Newsom’s May Revision proposes $15.2 billion in cuts, $4.2 billion use of reserves, $14.8 billion in program expansion pauses and shifts, and $7.5 billion from borrowing and non-tax revenues to produce what his office says is a $3.4 billion surplus for the 2024-2025 fiscal year. 

The LAO, meanwhile, slightly disagrees, saying, “Under our office’s revenue and spending projections, and assuming the Governor’s May Revision policies are adopted, the budget problem for this year is $7 billion larger. Put another way, the Legislature would need to take $7 billion in additional budget actions to balance the budget.” 

Should the legislature prove unwilling to undertake more cuts than the governor has proposed, it could deploy more of the state’s $22.5 billion in reserves, to plug this year’s deficit, but this could place the state on rocky footing in coming years. 

“For example, in 2026‑27, revenues would need to be at least $11 billion higher than the May Revision forecast in order for the budget to be balanced,” wrote the LAO. “Overall, this figure shows that the state budget is likely balanced over the next couple of years, but a budget problem becomes more likely in later years.”

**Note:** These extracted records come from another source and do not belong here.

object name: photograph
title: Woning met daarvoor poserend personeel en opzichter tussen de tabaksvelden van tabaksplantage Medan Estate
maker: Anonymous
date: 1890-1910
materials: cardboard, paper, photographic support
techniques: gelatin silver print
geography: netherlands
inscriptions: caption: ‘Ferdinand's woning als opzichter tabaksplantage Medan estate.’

At the end of its report, the LAO warned of potential difficulty raising taxes beyond the political — Newsom promised “no new taxes” to address the current deficit. 

“The state’s fiscal condition also faces other uncertainties. This includes, for example, tax proposals that have interactions with measures potentially appearing on the November ballot,” wrote the LAO. “These proposals specifically could present downside pressure on the budget picture.”

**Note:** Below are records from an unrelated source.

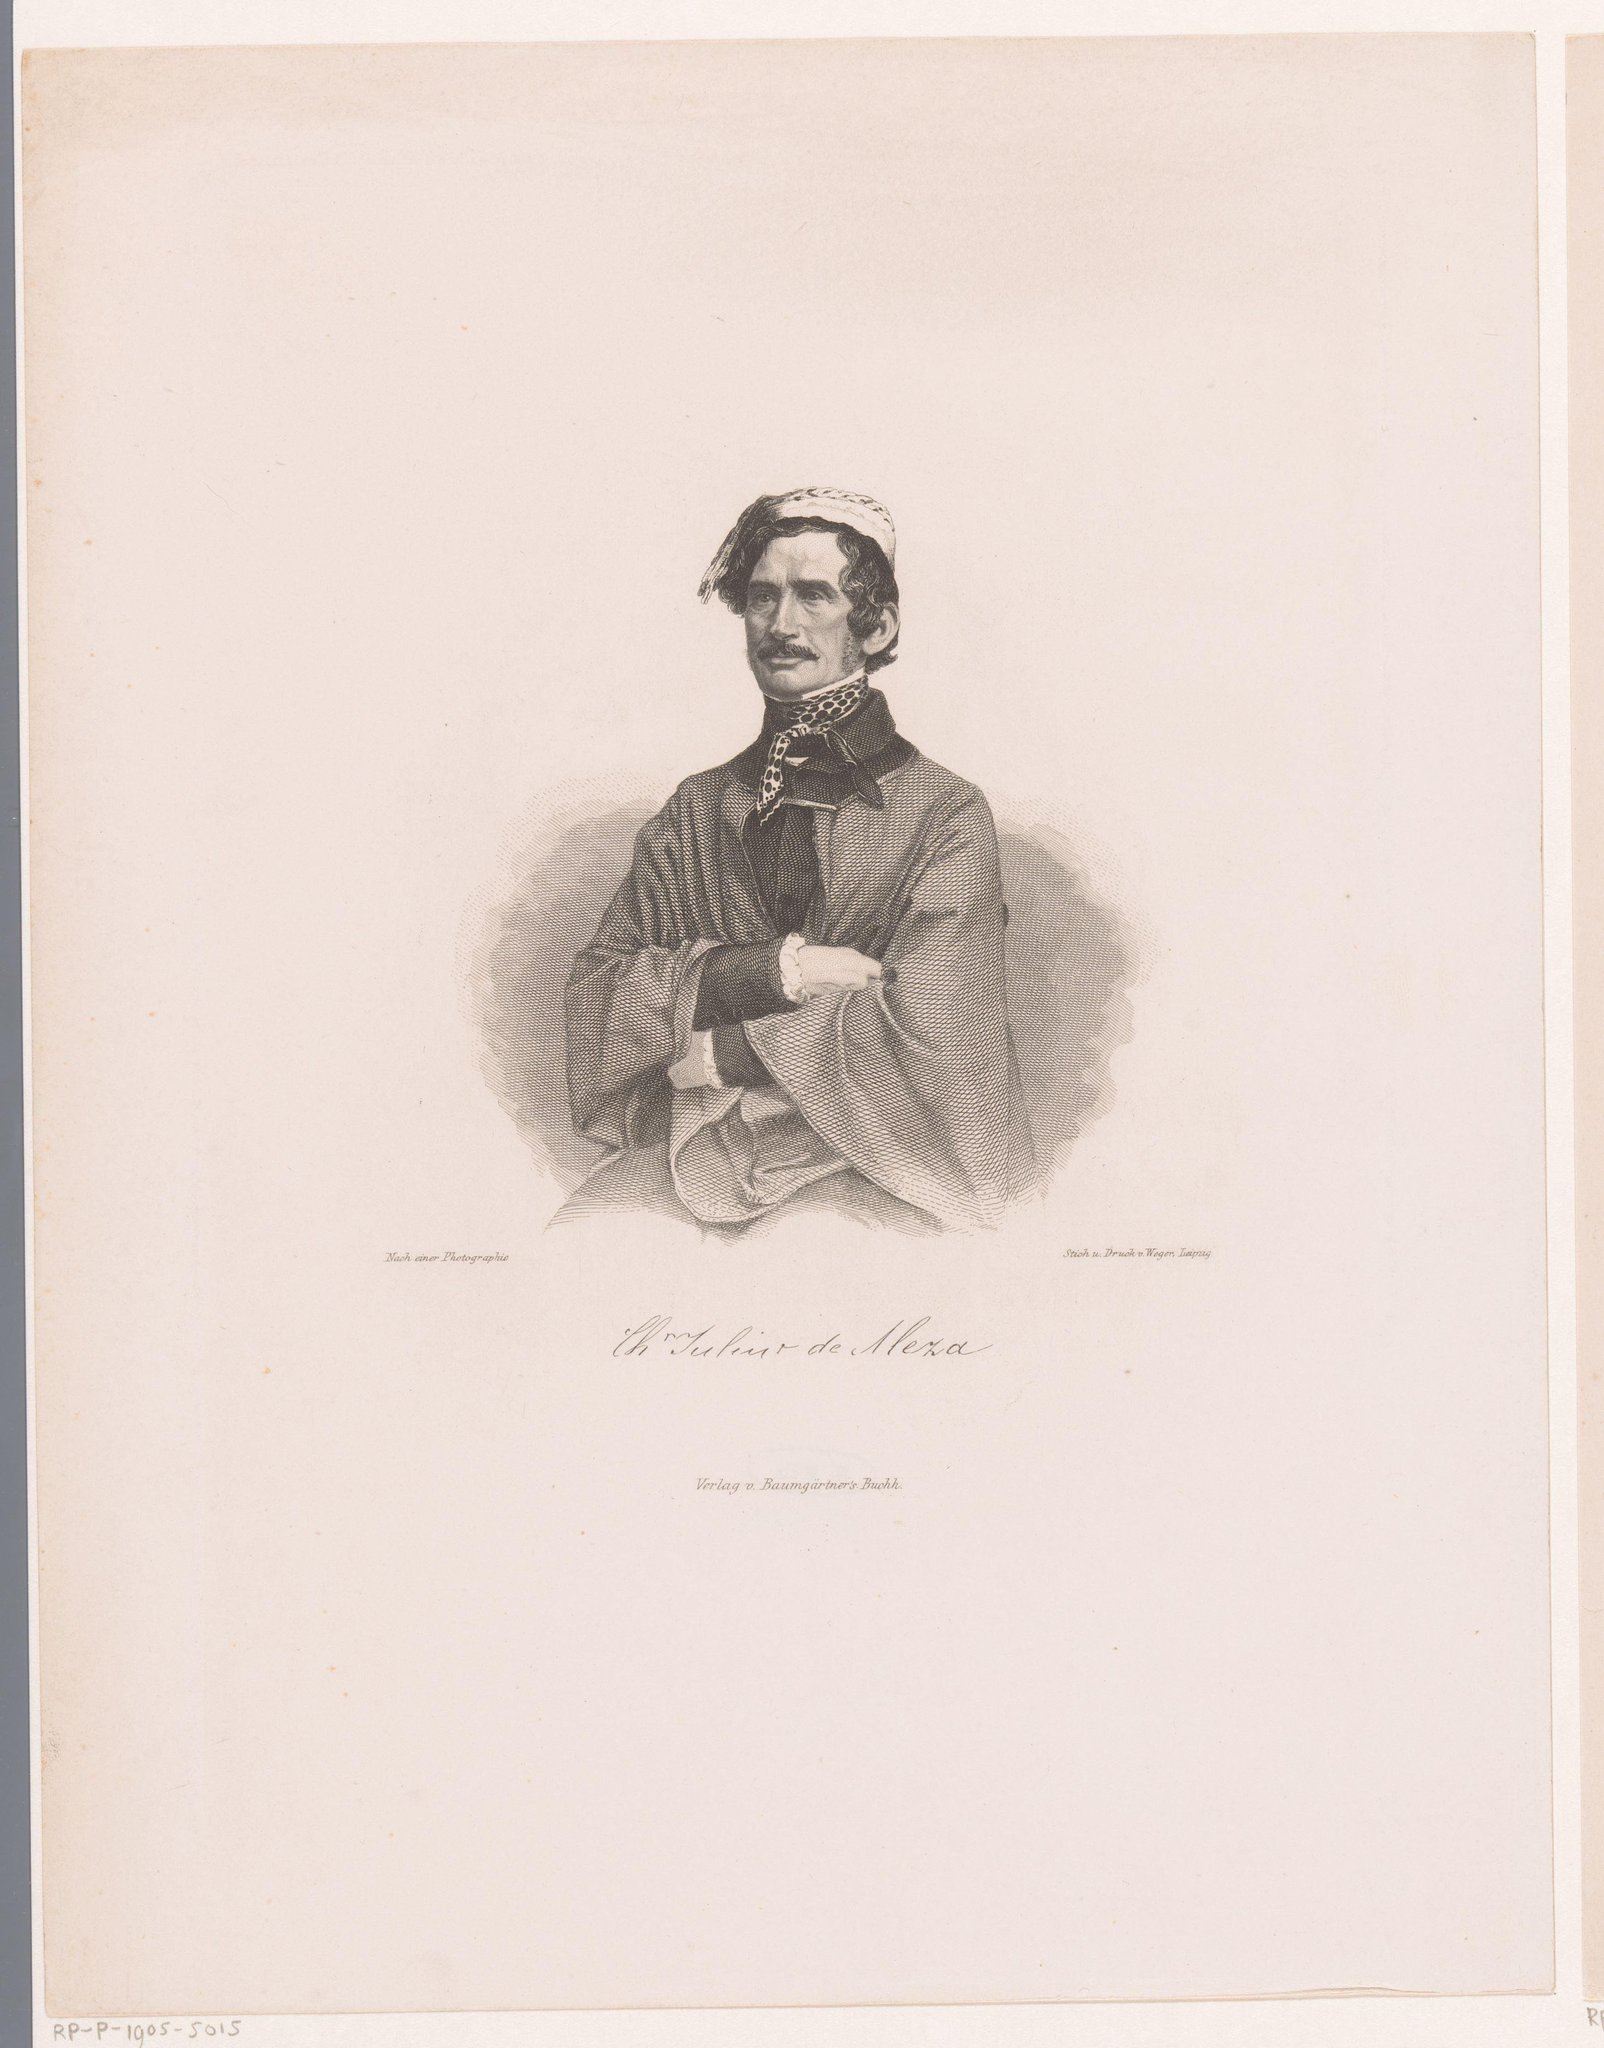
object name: print
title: Portret van Christian de Meza
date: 1849-1892
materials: paper
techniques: engraving
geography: leipzig
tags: denmark, copenhagen (city), historical persons
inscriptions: collector's mark: Lugt 2228

The LAO appears to be referencing the Taxpayer Protection and Government Accountability Act, or TPA, a qualified ballot measure California Democrats — including Newsom — are suing to block from the November ballot. 

The TPA would close a 2017 court-created loophole decision that has been used to pass and propose local taxes introduced by citizens’ groups, not local government, and require that statewide tax increases receive a two-thirds vote in each body of the state Legislature and a majority of voters at the ballot box, and limit fees charged by governments to what is necessary to provide the service. The TPA would also apply retroactively to taxes and fees adopted after January 1, 2022, with governments having one year to ask voters to approve new taxes passed since then, but at the higher threshold. 

Currently, statewide tax increases require a two-thirds vote from both chambers of the legislature or a majority vote by voters. At the local level, general taxes are supposed to be approved by the majority of voters and special taxes by two-thirds of voters, but courts — in the aforementioned loophole — have been allowing special taxes put forward by citizens to pass with simple majorities, not a two-thirds vote.

The TPA joins two competing measures from California Democrats to reduce voting thresholds for increasing taxes and issuing new debt, making the November election a key determinant of the state’s fiscal future. 

The first measure, ACA 1, would allow property to be taxed at more than 1% of its value and bonds to be issued with the support of 55% of voters, instead of the 1% property tax cap and the two-thirds voting requirement now in effect. The second measure, ACA 13, would require that any measure that would increase the voter approval threshold for state or local measures to pass would have to pass by that higher threshold. If ACA 13, which needs a majority of voters, passees, then the TPA would need two-thirds of voters to pass, even though the TPA and ACA 13 are on the same ballot.